Lower-bound coverage threshold filters corresponding to samples ['JSR_N'] is [1]
NOTE: all sites with adjusted read counts > upper-bound coverage threshold will be marked -9
Upper-bound coverage threshold filters corresponding to samples ['JSR_N'] is [109]
NOTE: all sites with adjusted read counts > upper-bound coverage threshold will be marked -9
cdm: gunzip -c /home/scratch30/rmercuri_14_jul/output/teflon/teflon.prep_TF/teflon.pseudo2ref.pickle.gz > /home/scratch30/rmercuri_14_jul/output/teflon/teflon.prep_TF/$
eflon.pseudo2ref.pickle.gz.tmp
loading pickle: /home/scratch30/rmercuri_14_jul/output/teflon/teflon.prep_TF/teflon.pseudo2ref.pickle.gz.tmp
NOTE: this step can be time and memory intensive for large reference genomes
pickle loaded!
coming soon...use "pooled" to obtain presence and absence read counts
TEFLON GENOTYPE FINISHED!

Also, can you confirm that your were able to successfully run TELoN on the example files provided in this repo? Yes, the example works fine.
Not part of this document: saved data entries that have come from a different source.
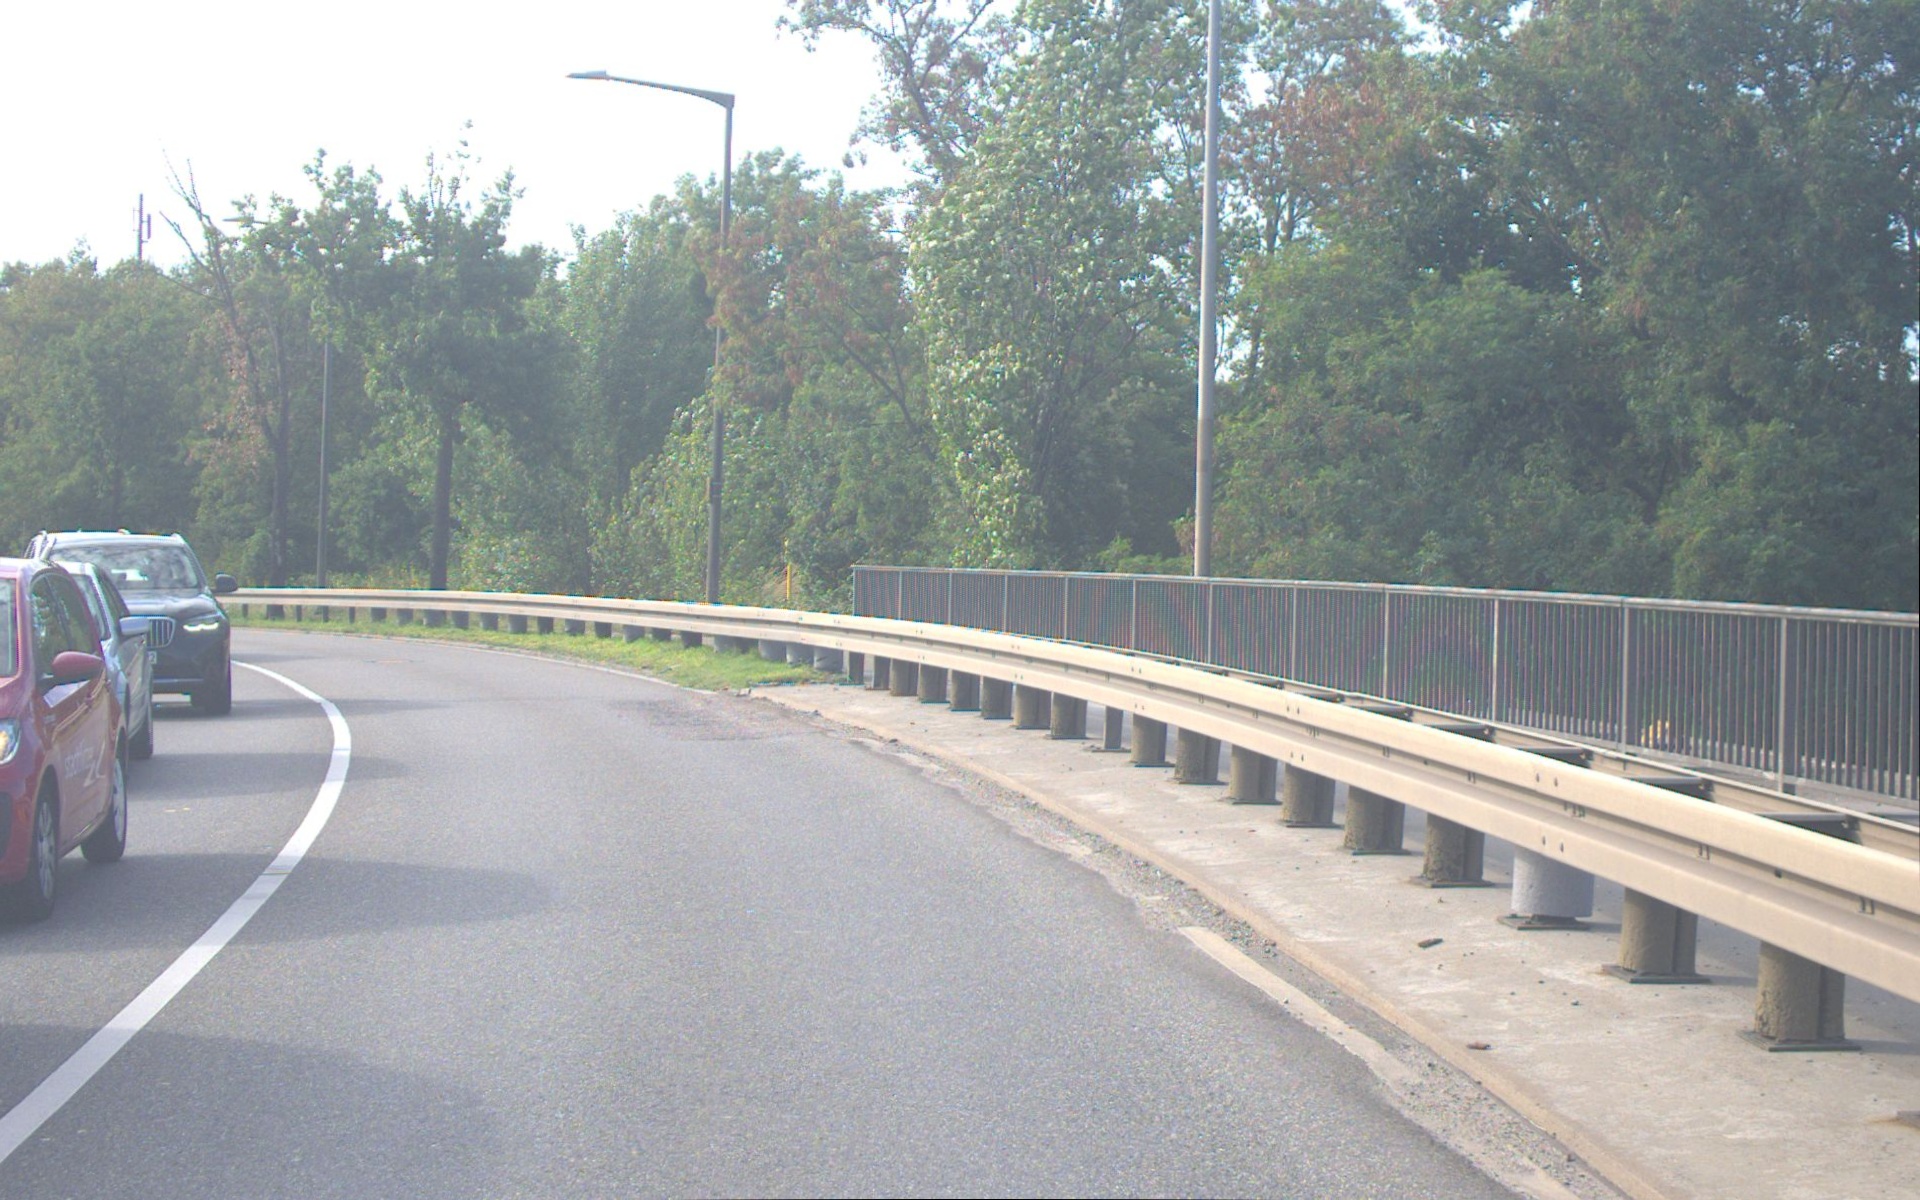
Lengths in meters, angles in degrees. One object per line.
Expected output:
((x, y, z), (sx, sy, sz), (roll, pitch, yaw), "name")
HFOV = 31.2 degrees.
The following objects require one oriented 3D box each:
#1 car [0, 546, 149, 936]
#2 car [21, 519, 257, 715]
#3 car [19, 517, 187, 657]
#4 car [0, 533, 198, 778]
((-4.521, 0.524, 14.782), (1.599, 1.459, 3.737), (-1, 1, -7), "car")
((-7.560, 0.106, 31.998), (1.889, 1.643, 4.643), (-2, 1, -11), "car")
((-11.996, -0.206, 47.886), (1.900, 1.804, 5.406), (-1, 1, -18), "car")
((-6.251, 0.313, 23.568), (1.731, 1.450, 4.266), (-2, 2, -9), "car")
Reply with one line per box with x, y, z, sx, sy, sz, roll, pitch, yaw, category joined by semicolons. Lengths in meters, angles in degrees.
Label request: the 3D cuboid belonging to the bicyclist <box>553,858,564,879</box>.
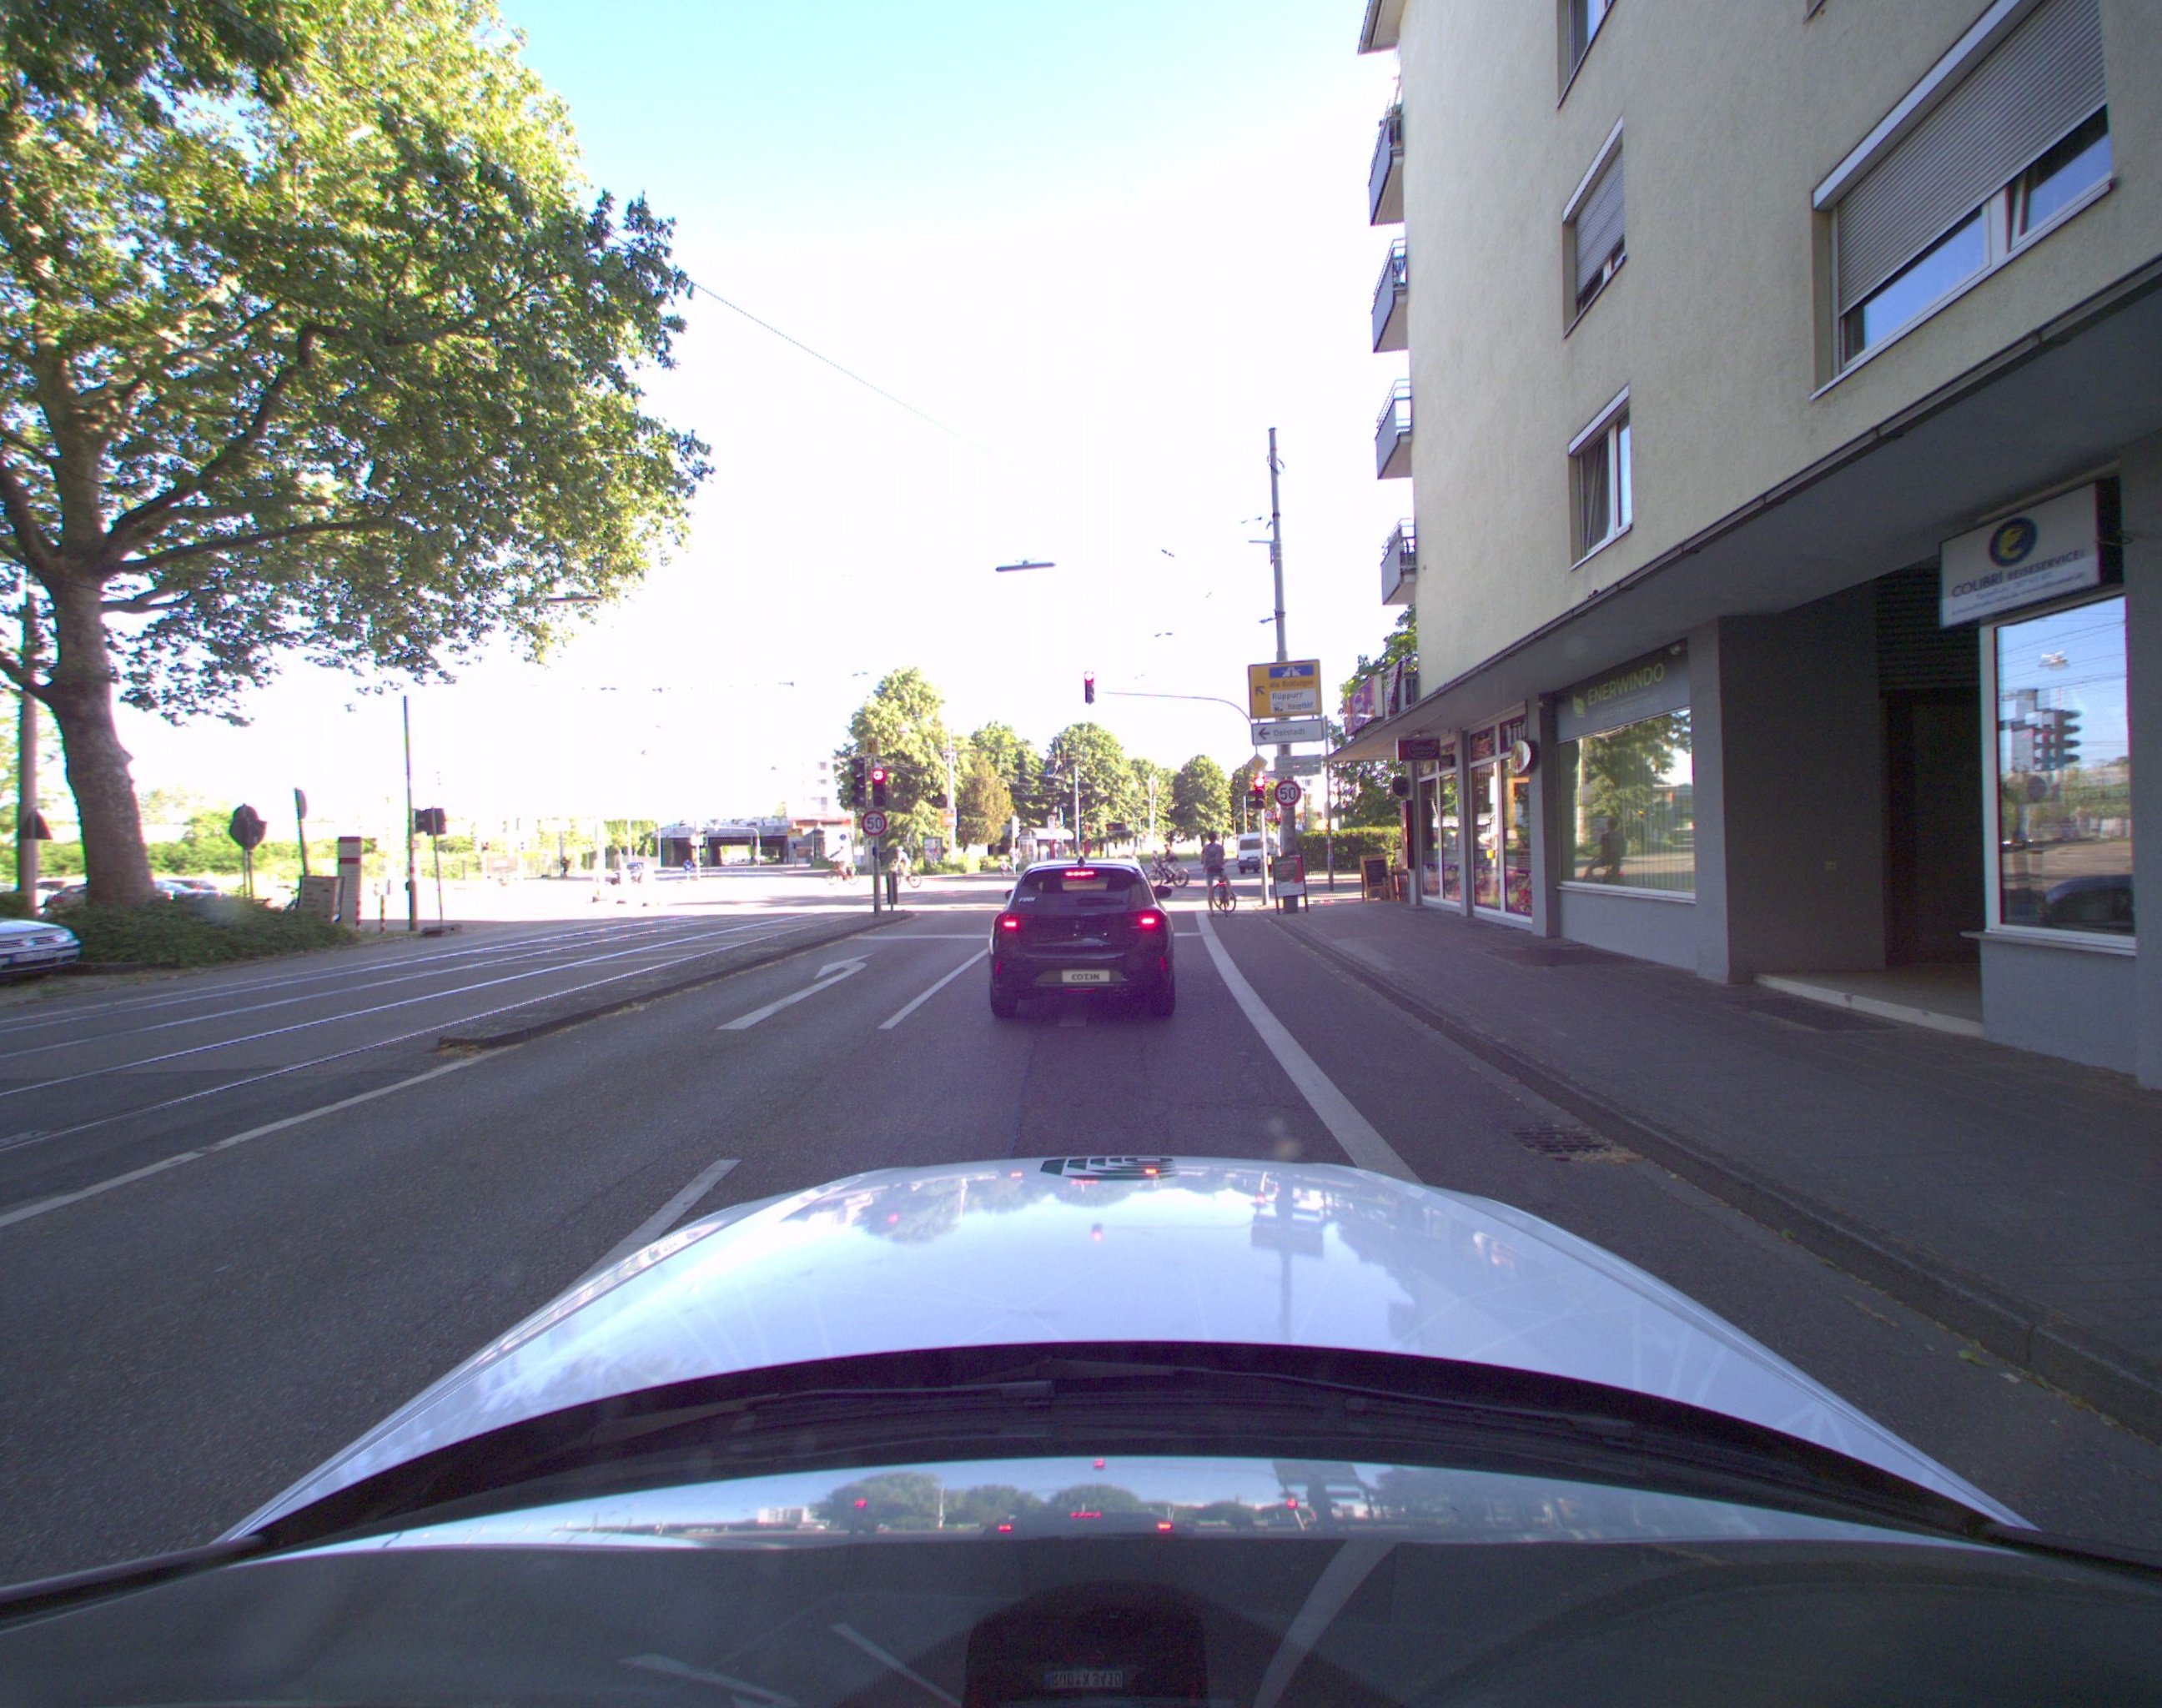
-40.083;1.132;62.531;0.639;1.563;0.825;-2;0;-31;bicyclist

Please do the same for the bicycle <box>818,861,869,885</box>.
-11.589;0.916;39.752;2.276;1.084;0.804;-2;0;14;bicycle

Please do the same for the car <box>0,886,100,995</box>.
-16.951;1.213;11.357;4.497;1.429;1.676;0;0;0;car

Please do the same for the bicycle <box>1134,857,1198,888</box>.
3.127;0.676;30.039;2.199;1.033;0.828;-2;0;-21;bicycle

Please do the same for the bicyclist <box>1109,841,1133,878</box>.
1.753;0.240;35.645;0.853;1.595;0.653;-2;0;23;bicyclist

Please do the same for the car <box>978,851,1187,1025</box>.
0.090;0.695;8.884;1.720;1.429;4.189;-1;0;2;car

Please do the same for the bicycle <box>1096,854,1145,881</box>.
1.725;0.593;35.665;2.036;1.094;0.596;-2;0;23;bicycle

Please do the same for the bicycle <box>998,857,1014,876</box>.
-4.297;0.716;46.732;0.603;1.031;1.983;-2;0;2;bicycle

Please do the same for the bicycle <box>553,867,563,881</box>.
-40.112;1.519;62.477;0.585;1.060;2.022;-2;0;-30;bicycle

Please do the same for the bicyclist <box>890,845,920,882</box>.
-7.742;0.420;35.819;1.003;1.570;0.802;-2;0;13;bicyclist

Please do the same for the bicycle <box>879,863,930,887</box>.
-7.777;0.919;35.844;2.044;0.984;0.675;-2;0;12;bicycle

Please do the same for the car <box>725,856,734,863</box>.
-93.193;1.530;216.030;2.223;1.823;4.114;-2;0;-24;car

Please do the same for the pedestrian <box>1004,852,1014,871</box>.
-6.270;0.654;70.981;0.746;1.629;0.599;0;-1;8;pedestrian

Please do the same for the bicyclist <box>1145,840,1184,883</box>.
3.082;0.284;30.017;1.117;1.520;0.915;-2;0;-21;bicyclist

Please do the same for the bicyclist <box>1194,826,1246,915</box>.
3.016;0.353;17.730;0.938;1.851;0.864;-2;0;1;bicyclist

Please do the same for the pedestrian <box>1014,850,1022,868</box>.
-5.502;0.444;71.063;0.633;1.629;0.573;0;-1;9;pedestrian

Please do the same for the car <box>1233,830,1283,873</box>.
10.153;-0.171;46.377;2.046;2.248;4.912;-2;0;20;car

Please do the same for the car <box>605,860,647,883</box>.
-31.278;1.159;56.097;1.830;1.519;3.870;0;0;-18;car

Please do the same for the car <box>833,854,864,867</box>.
-34.305;0.928;120.179;4.188;1.805;1.725;-2;0;-19;car

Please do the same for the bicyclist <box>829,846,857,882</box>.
-11.593;0.469;39.736;0.920;1.707;0.878;-2;0;14;bicyclist

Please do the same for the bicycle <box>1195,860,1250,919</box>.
3.059;0.732;17.836;0.857;1.153;2.172;-2;0;1;bicycle

jradrion commented 4 years ago

Hmm, OK, I'm not exactly sure what the problem is. One thing I noticed is that it looks like you are pointing to a different directory -d when you run teflon.v0.4.py relative to when you run teflon_collapse.py, teflon_count.py, and teflon_genotype.py. Also did you sort and index your .sam file? I'm not seeing that in your original list of commands.

Can you try modifying the template provided here https://github.com/jradrion/TEFLoN/blob/master/test_files/sample_pipeline.sh with your data, and run the commands that way, just so I make sure we're on the same page.

jradrion commented 3 years ago

I'm going to go ahead and close this issue since there haven't been any updates in about 6 months. Feel free to reopen it if necessary.